Философия Канта имеет принципиальные отличия от теологии Кальвина, однако базовая установка относительно проблемы любви к себе остается неизменной. По мнению Канта, желать счастья другим – добродетель, в то время как желание собственного счастья остается этически «нейтральным», поскольку к тому стремится человеческая природа, а естественное стремление не может иметь положительного этического смысла (см. Kant 1908, особенно часть I, стр. 126). Кант признает, что не следует отказываться от притязаний на счастье; при определенных обстоятельствах забота о своем счастье бывает правильным поступком; отчасти потому, что здоровье, довольство и прочее подобное могут быть средствами, необходимыми для исполнения долга, отчасти потому, что отсутствие счастья – бедность – может отвлечь человека от исполнения долга (там же, ч. I, стр. 186). Но любовь к себе, стремление к собственному счастью ни в коем случае не может быть добродетелью. Стремление к собственному счастью как этический принцип не годится: «Он подводит под нравственность мотивы, которые, скорее, подрывают ее и уничтожают весь ее возвышенный характер, смешивая в один класс побуждения к добродетели и побуждения к пороку»[72]
(там же; см., в частности, «Основы метафизики нравственности», раздел второй, стр. 61). Кант различает в эгоизме себялюбие, филавтию (благоволение, расположение к себе) и высокомерие – любование собой. «Разумное себялюбие» следует ограничивать этическими принципами, самолюбование следует подавлять, индивидуум должен ощущать свое ничтожество в сравнении со святостью моральных законов (там же, часть I, стр. 165). Он должен находить высшее счастье в исполнении долга. Реализация нравственного принципа – и, следовательно, обретение счастья индивидуумом, – возможны лишь в чем-либо целом, в нации, в государстве. И все же «благо, источник которого рассудок, [т. е.] сохранение уже существующей конституции, есть высший закон гражданского общества вообще, ибо это общество существует только благодаря этой конституции, –Несмотря на то, что Кант проявляет больше уважения к целостности личности, чем Кальвин или Лютер, он заявляет, что даже при самом тираническом правительстве человек не имеет права бунтовать, а карой за угрозу авторитету государя должно быть не что иное, как смерть (Kant 1907, стр. 126).

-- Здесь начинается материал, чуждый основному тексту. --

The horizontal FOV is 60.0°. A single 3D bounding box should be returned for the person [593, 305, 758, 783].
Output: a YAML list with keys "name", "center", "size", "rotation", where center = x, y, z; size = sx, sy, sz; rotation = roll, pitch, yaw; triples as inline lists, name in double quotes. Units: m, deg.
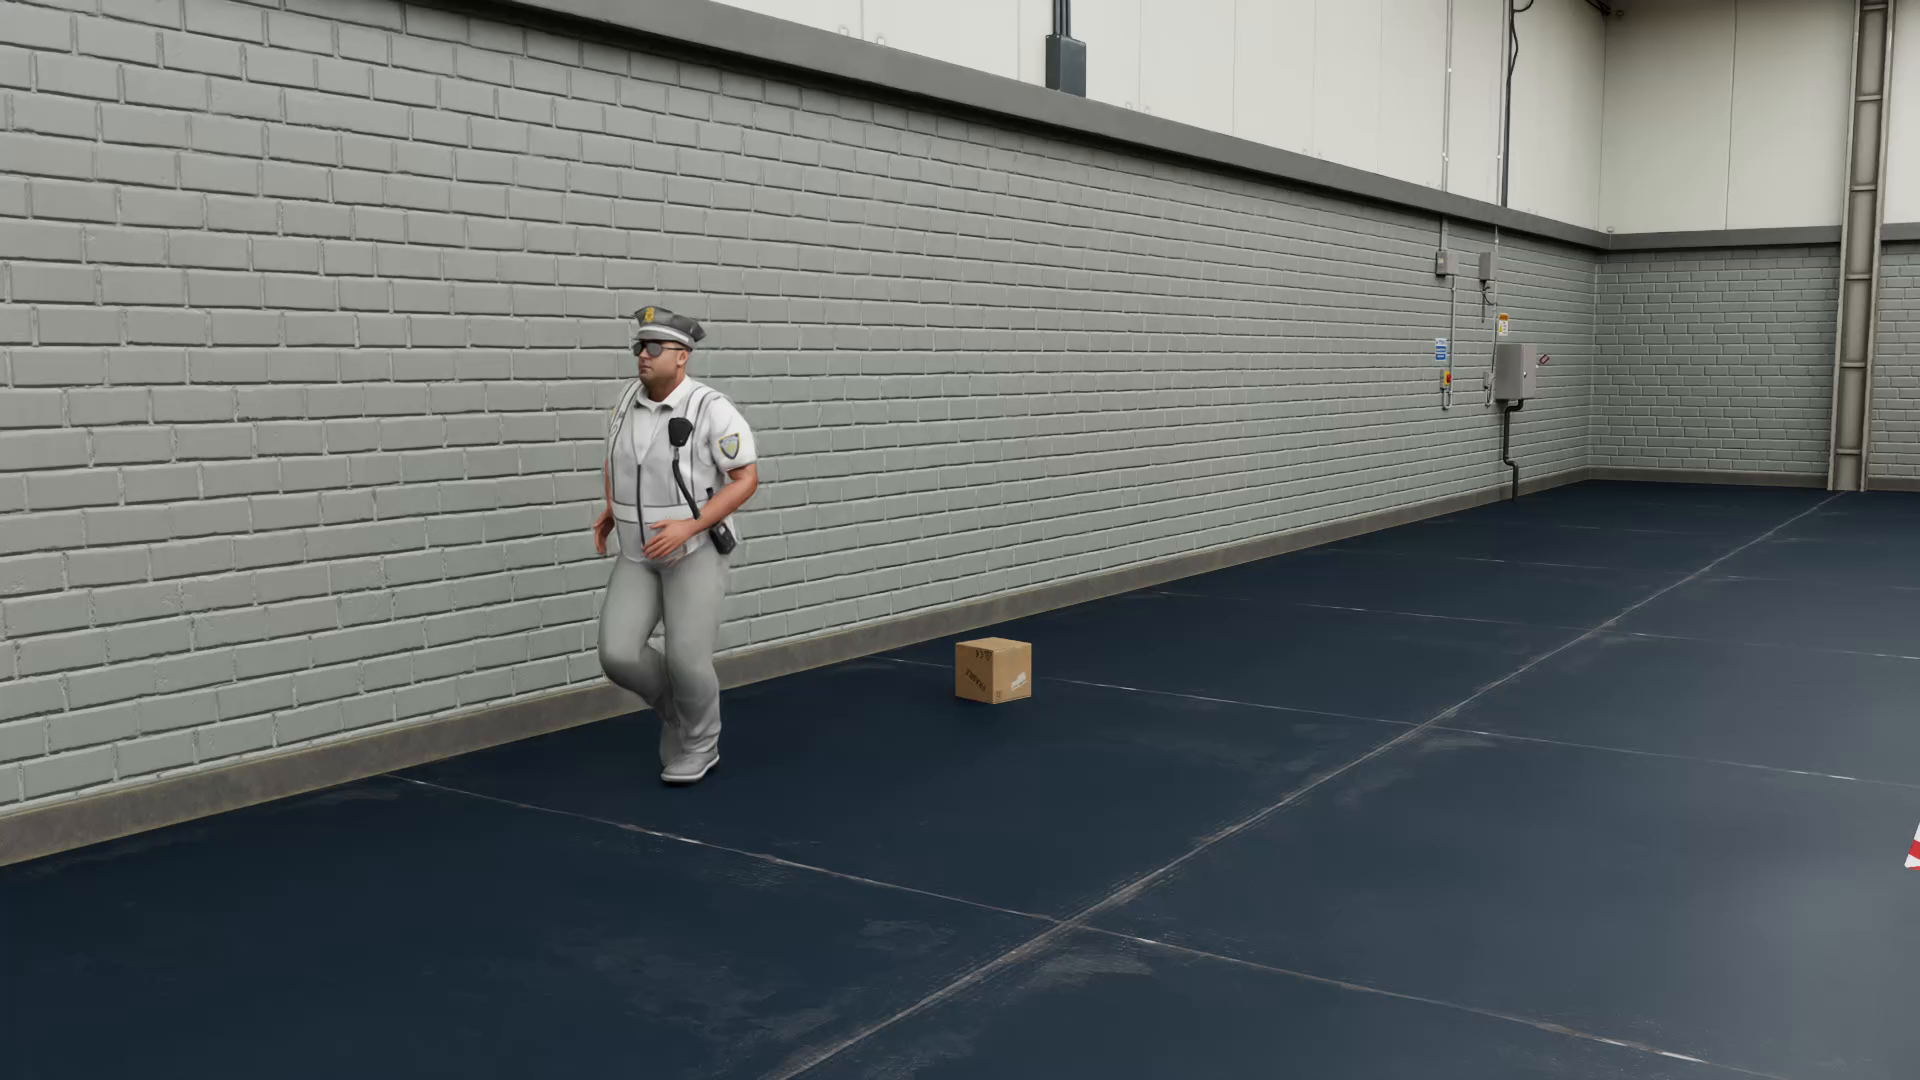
- name: "person"
  center: [-1.045, 0.028, 6.028]
  size: [0.701, 1.726, 0.529]
  rotation: [3, 7, 24]
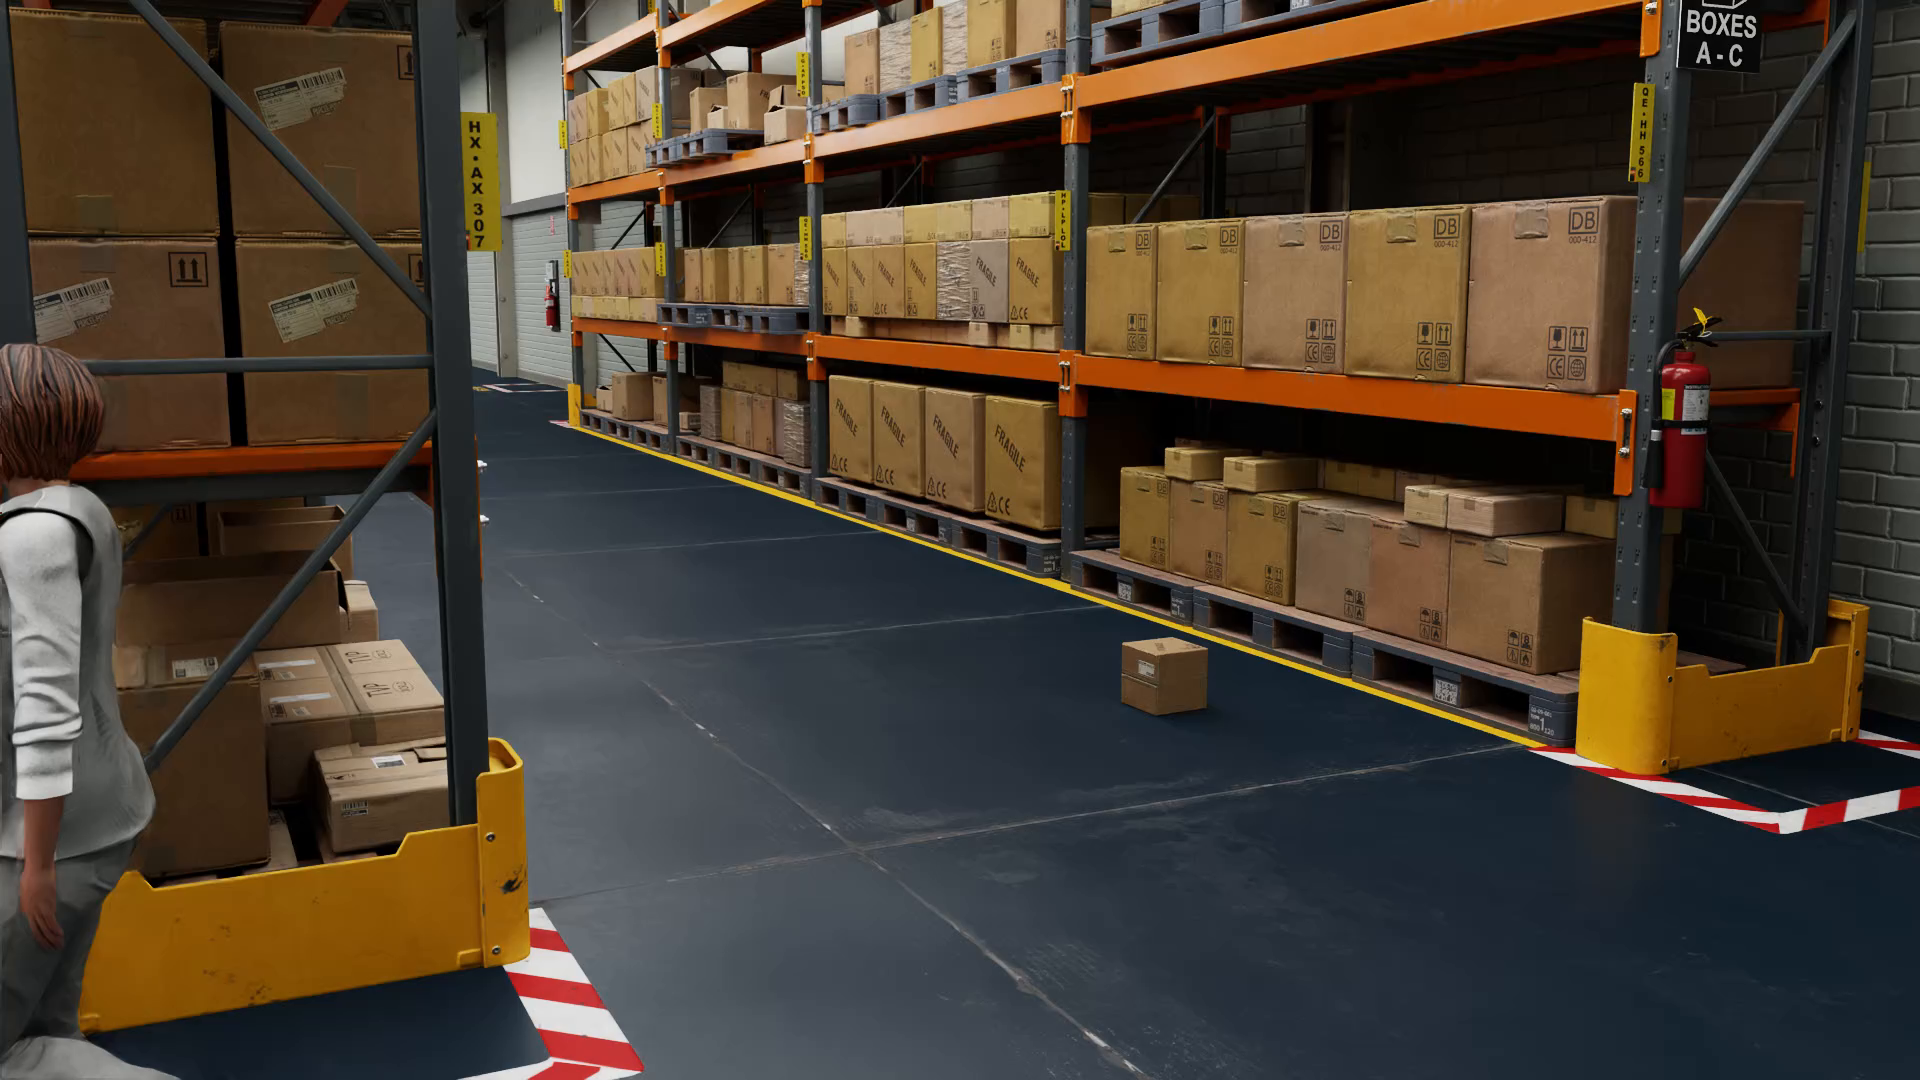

Он подчеркивает заложенную в природе человека склонность к дурному (Kant 1934, особенно книга I), для подавления которой необходим нравственный закон, категорический императив, иначе человек превратится в зверя, а история человеческого общества закончится буйством анархии.
Обсуждая системы Кальвина и Канта, мы упомянули их фокус на ничтожестве человека. Но все-таки, как уже упоминалось, они также обращают внимание на автономию и достоинство индивидуума, и это противоречие пронизывает все их труды. В философии эпохи Просвещения вопрос притязаний и счастья человека даже более, чем Кант, подчеркивали другие философы, например Гельвеций. Эта тенденция в современной философии нашла беспрецедентное выражение у Штирнера[74]
и Ницше. Формулировка, в которую они часто облекают данную тему – хотя она не обязательно отражает их истинные соображения, – родственна фундаментальной идее Кальвина и Канта о том, что любовь к другим и любовь к себе взаимно исключаются. Но, в противопоставление этим авторам, они определяют любовь к другим как слабость и самопожертвование, а эгоизм, себялюбие и любовь к себе называют добродетелью – и тоже запутывают дело, не проводя между этими явлениями четкого разграничения. Например, у Штирнера мы читаем: «Тут должен выступить имеющий решающее значение эгоизм, своекорыстие, а не принцип любви, не чувства, вытекающие из любви, – милосердие, добросердечность, благодушие, даже справедливость и правосудие (ибо и justitia[75] – проявление любви, продукт ее): любовь знает только жертвы и требует “самопожертвования”» (Stirner 1912, стр. 339[76]).